Вся изба грохнула смехом.

— С Ягустинкой тебя сосватаем! — кричали женщины. — Она тоже выпить любит и говорунья не хуже тебя!

— Сказано: коли муж работящий, а жена горластая, они полмира добудут.

Войт подсел к Амброжию, затеснились к ним и другие, расселись, где кто мог, а кому места не нашлось на лавках, те стояли; компания заняла пол-избы, не обращая внимания на танцующих.

И посыпались шутки, выдумки разные, веселые прибаутки, рассказы, — изба гудела от хохота. А всех больше ораторствовал Амброжий, сочинял и врал людям прямо в глаза, но так складно и забавно, что слушатели покатывались со смеху. Ему не уступала и Вахникова, которую ни одна баба на деревне не могла переговорить, вторил им и войт, насколько ему позволяло звание.

Музыка играла вовсю, молодежь танцевала, а старики так расходились, что забыли обо всем на свете.

Вдруг кто-то увидел в сенях Янкеля. Его мигом затащили в комнату. Еврей снял шапку, поклонился и стал дружески со всеми здороваться, не обращая внимания на то, что обидные прозвища камнями сыпались на него.

— Рыжий!

— Нехристь!

— Кобылий сын!

— Тише вы! Надо его угостить, налейте ему горелки! — распорядился войт.

— Проходил я мимо — дай, думаю, погляжу, как хозяева веселятся. Спасибо, пан войт: как не выпить за здоровье молодых!

Борына вынес бутылку и налил ему. Янкель вытер рюмку полой своего длинного кафтана, надел шапку и выпил раз, потом другой.

— Оставайтесь, Янкель, не станете трефным! Эй, музыканты, играйте еврейскую, пускай Янкель потанцует! — кричали вокруг смеясь.

— Могу и потанцевать, это не грех.

Но раньше чем музыканты разобрали, чего от них хотят, Янкель потихоньку выбрался в сени и шмыгнул во двор — пошел к Кубе отбирать ружье. В избе и не заметили его ухода. Амброжий продолжал складно врать, а Вахникова — вторить ему, и так время прошло до самого ужина. Уже и музыка смолкла, передвинули столы и хозяйки грохотали посудой, а они все еще болтали.

Напрасно Борына приглашал их за стол, никто его не слушал. Потом и Ягуся стала настойчиво звать, но войт втащил ее в круг, усадил подле себя и не отпускал.

Наконец, Ясек Недотепа закричал во все горло:

— За стол, люди, — все остынет!

— Тише, дурень, дадут и тебе миску вылизать.

— Амброжий тут вам врет бессовестно и думает, что ему кто-нибудь поверит!

— Ясек, если тебе дадут в морду, бери — твое!
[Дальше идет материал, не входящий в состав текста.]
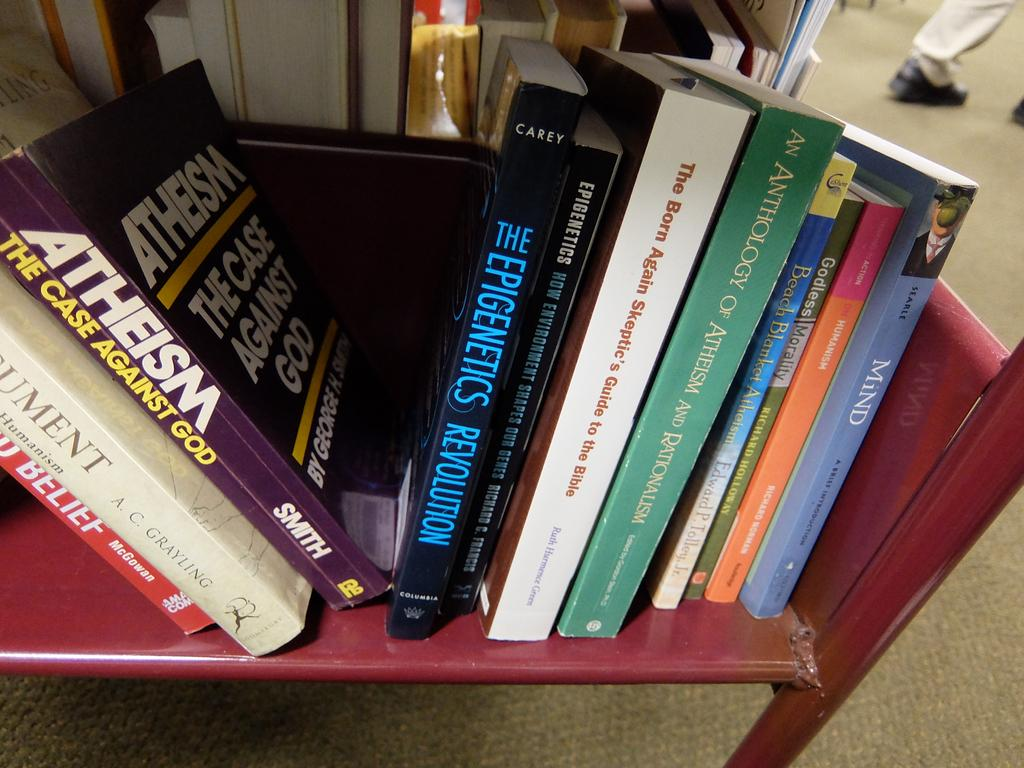<image>
Describe the image concisely. A group of books about athiesm sit on a red shelf. 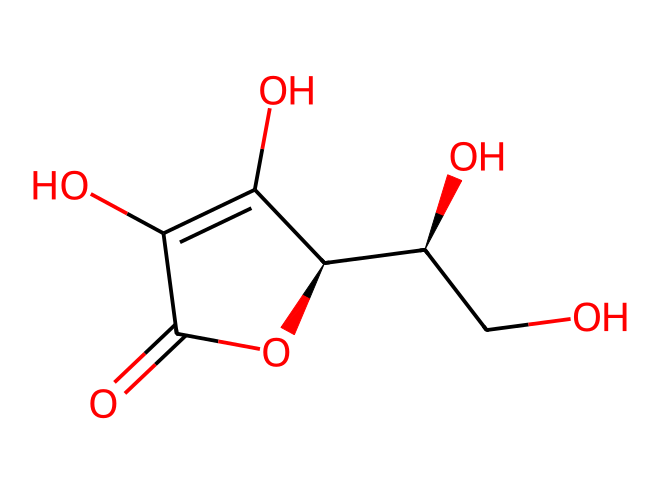What is the common name for the compound represented by the SMILES? The SMILES notation corresponds to the structure of ascorbic acid, which is widely known as Vitamin C.
Answer: Vitamin C How many carbon atoms are in the chemical structure? By counting the number of 'C' symbols present in the SMILES representation, we find there are 6 carbon atoms present.
Answer: 6 What type of functional group is prominently featured in Vitamin C? The compound contains multiple hydroxyl (-OH) groups, which are indicative of alcohol functionality in its structure.
Answer: hydroxyl What is the molecular formula for ascorbic acid? By determining the number of each type of atom present from the SMILES, we can deduce that the molecular formula is C6H8O6.
Answer: C6H8O6 What is a significant feature of Vitamin C related to its structure? Ascorbic acid has a lactone ring structure, which plays a crucial role in its antioxidant properties.
Answer: lactone ring What indicates that this compound is an antioxidant? The presence of hydroxyl groups bonded to the carbon atoms allows for electron donation, which characterizes it as an effective antioxidant.
Answer: hydroxyl groups 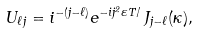<formula> <loc_0><loc_0><loc_500><loc_500>U _ { \ell j } = i ^ { - ( j - \ell ) } e ^ { - i j ^ { 2 } \varepsilon T / } \, J _ { j - \ell } ( \kappa ) ,</formula> 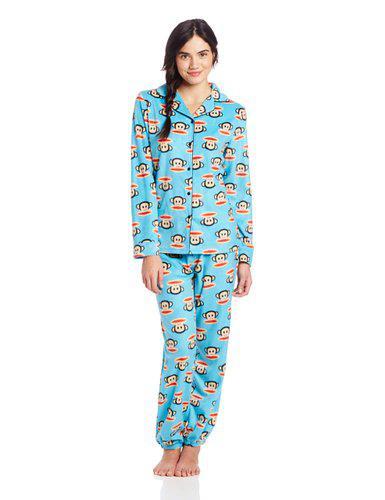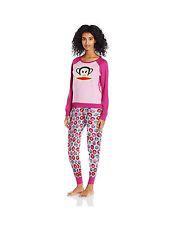The first image is the image on the left, the second image is the image on the right. Assess this claim about the two images: "Pajama shirts in both images have sleeves the same length.". Correct or not? Answer yes or no. Yes.

А меня не тронь, не сладишь.

— Давай померяемся! — крикнул глупый парень, поняв слова Амброжия буквально.

— Вол тоже одолеть может человека — пожалуй, еще лучше, чем ты.

Мать Ясека заступилась за сына:

— Амброжий за ксендзом убирает, так думает, что от него ума набрался.

— Дура! Впусти телку в костел, она и хвост задерет! — буркнул обиженный Амброжий и первый двинулся к столу, а за ним и другие стали поспешно занимать места, так как стряпухи уже вносили дымящиеся миски и по комнате распространился аппетитный запах.

Расселись по старшинству: Доминикова с сыновьями посредине, а дружки жениха и невесты сели все вместе. Борына и Ягуся не садились, они за всем надзирали к прислуживали гостям.

Наступила тишина, только за окнами дрались и шумели ребятишки, а Лапа с лаем бегал вокруг дома и скребся в дверь. Гости тихо, чинно занялись едой и усердно опустошали полные доверху миски, — только ложки стучали да звенели рюмки.

А Ягуся не переставала потчевать всех, каждому подкладывала на тарелку то мяса, то чего-нибудь другого и просила есть досыта. И так это мило у нее выходило, так умела она каждому сказать кстати ласковое слово, так всех радовала своей красотой, что не один парень провожал ее тоскующим взглядом, а мать расцветала от гордости и то и дело откладывала ложку, чтобы полюбоваться дочерью.

Видел это и Борына. Когда Ягна шла к стряпухам, он бросался за ней и, догнав в сенях, крепко обнимал и целовал взасос.